> _YOUR OBJECTIVE_: From the listing below, count the lines where the string "above" occurs. Give the number, with no other words.

> _RECORDS FOR PROCESSING_:
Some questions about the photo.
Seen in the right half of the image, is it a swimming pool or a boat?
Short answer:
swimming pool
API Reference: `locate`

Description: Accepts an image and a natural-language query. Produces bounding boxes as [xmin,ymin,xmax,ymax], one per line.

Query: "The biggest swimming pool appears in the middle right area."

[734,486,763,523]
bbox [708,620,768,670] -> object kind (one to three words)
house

* * *

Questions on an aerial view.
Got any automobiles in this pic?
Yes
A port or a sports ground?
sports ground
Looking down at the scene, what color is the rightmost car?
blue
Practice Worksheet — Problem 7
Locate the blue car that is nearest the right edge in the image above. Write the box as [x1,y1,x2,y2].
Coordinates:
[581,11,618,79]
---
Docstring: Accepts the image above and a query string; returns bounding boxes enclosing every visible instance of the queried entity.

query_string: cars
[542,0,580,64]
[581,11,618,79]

> _WRITTEN RESPONSE_: 2